练习室的伴奏彻底停下,偌大的空间瞬间安静下来,只剩下空调细微的送风声响。
我揉了揉发酸的肩颈,浑身是熬过夜的疲惫,眼底带着淡淡的倦意。
楼下我的整套随行团队早已整装等候。
司机、经纪人、花花、化妆师、跟拍花絮的摄影师一行人全部就位,车灯安静亮着,准备接我回舞台附近的专属酒店休整。
收拾好随身物品,我转头看向靠墙伫立的伊尔迷。
一整晚他都安安静静待在角落,不吵不闹,全程陪着我一遍遍打磨舞台,从深夜到凌晨,寸步未离。
我走到他面前,放软了语气:“已经两点多了,你快回去休息吧,熬一整夜太累了。”
灯光柔和落在他压低的帽檐上,遮住大半眉眼,只露出冷白流畅的下颌线。
伊尔迷垂眸看着我,沉默两秒,才缓缓开口,嗓音带着深夜独有的低哑:
“我还有事要跟你说。”
我微微一怔,抬头望他。
“我会从家族里调一位女管家过来,专职做你的贴身保镖。”
我微微一怔:“女管家?”
“嗯。”伊尔迷点头,缓缓说明,“她身手、应变能力都经过家族严格训练,行事稳妥。”
“这样会不会太麻烦来?”我小声问道。
“不麻烦。
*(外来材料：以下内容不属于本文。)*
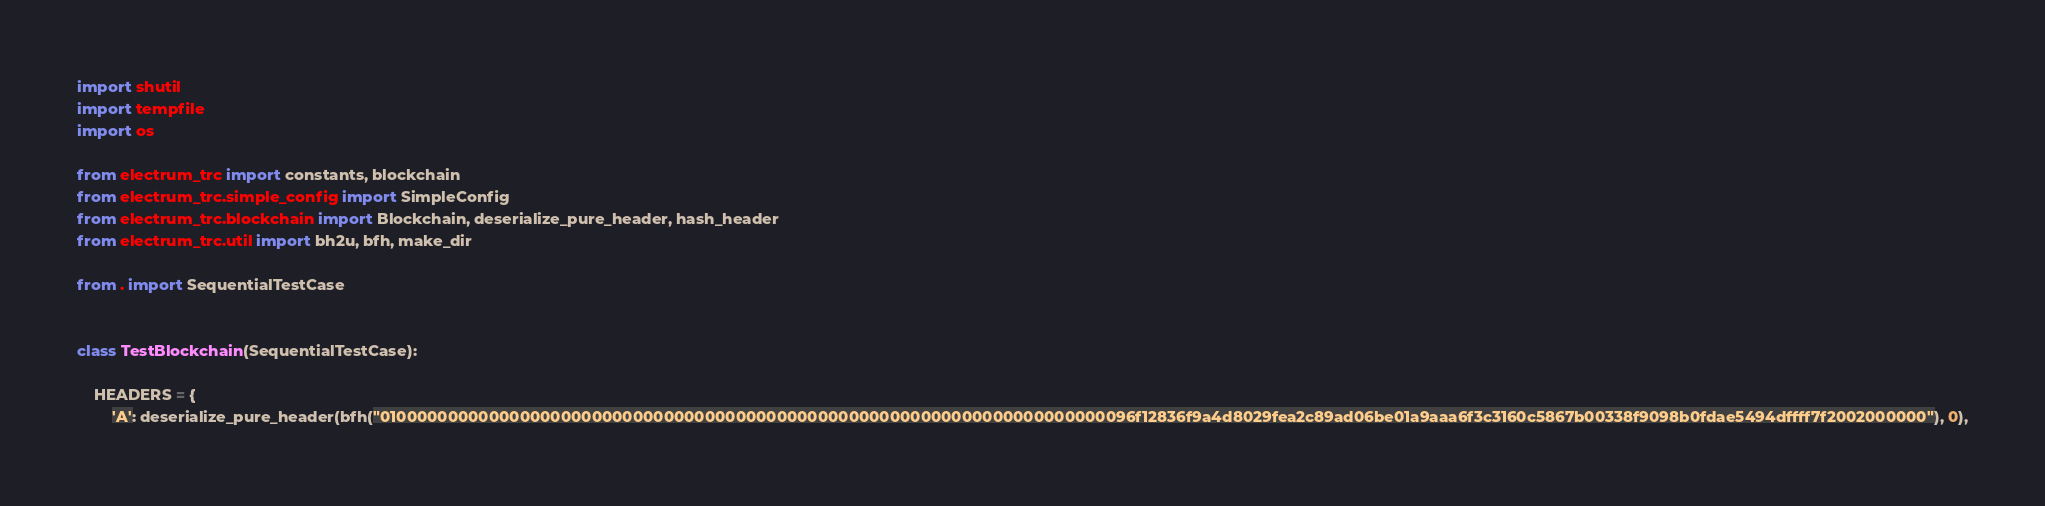Convert code to text. <code><loc_0><loc_0><loc_500><loc_500><_Python_>import shutil
import tempfile
import os

from electrum_trc import constants, blockchain
from electrum_trc.simple_config import SimpleConfig
from electrum_trc.blockchain import Blockchain, deserialize_pure_header, hash_header
from electrum_trc.util import bh2u, bfh, make_dir

from . import SequentialTestCase


class TestBlockchain(SequentialTestCase):

    HEADERS = {
        'A': deserialize_pure_header(bfh("01000000000000000000000000000000000000000000000000000000000000000000000096f12836f9a4d8029fea2c89ad06be01a9aaa6f3c3160c5867b00338f9098b0fdae5494dffff7f2002000000"), 0),</code> 
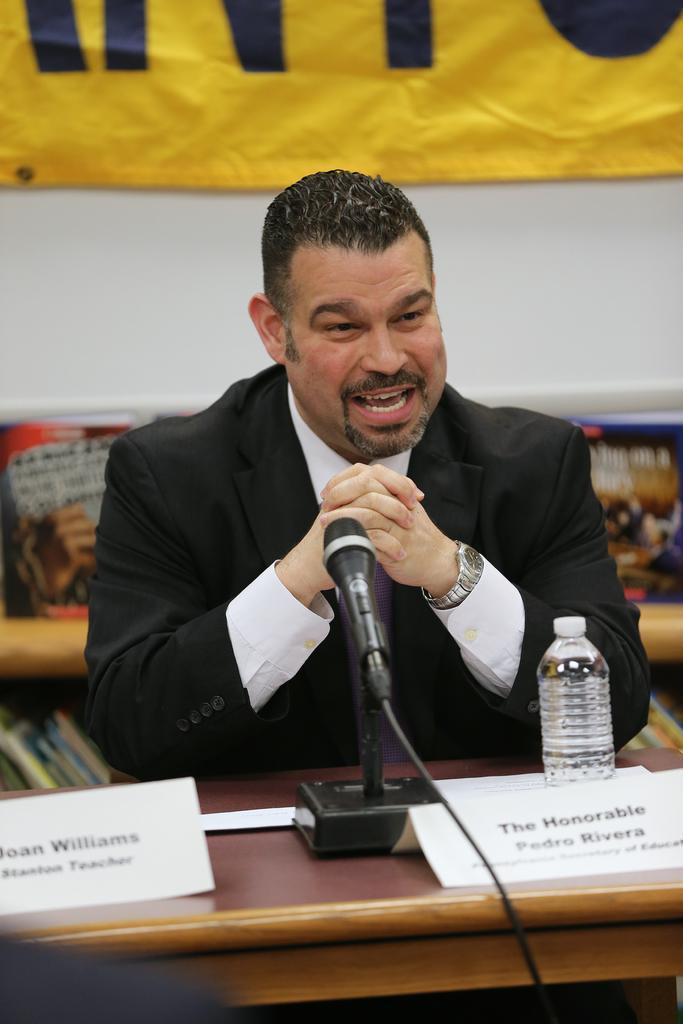Could you give a brief overview of what you see in this image? In the image, there is a brown color table on which a mic is placed and also a bottle in front of that a person wearing black color coat is sitting ,he is speaking, in the background there is a yellow color banner and white color wall.

”伊尔迷抬眼看向我,帽檐下的目光柔和了不少。
“她明天就会过来对接,之后你的所有行程,都由她全程陪同。你不用有顾虑,正常工作就好。”
闻言,伊尔迷才继续往下说,语气平平,却带着一丝难得的无奈:
“我要回老宅处理工作了。”
“爸爸最近盯得很紧,看我连日在外逗留、无心任务,已经很不满。不许我再闲散在外晃着,这两天强制我回去工作。”
我心头轻轻一沉。
不等我开口,他补了一句,语气笃定,没有丝毫变动。
“这两天我不会过来。”
我的情绪悄悄落了半截。
明明早该明白,他是揍敌客长子,从来不可能一直清闲地陪在我身边、隐在暗处守着我的琐碎日常。
只是习惯了他每晚无声的守候,突然听说他要忙碌,心底还是忍不住漫上一层浅浅的失落。
但我也清楚,我接下来行程密集根本也没有多余时间相处。
我们两个人,各自都被自己的事填满了。
好像……也确实没有办法。
我压下那点小小的酸涩,轻轻点头:“好,那你好好忙工作,不用惦记我,我这边有团队、有依娜,很安全的。”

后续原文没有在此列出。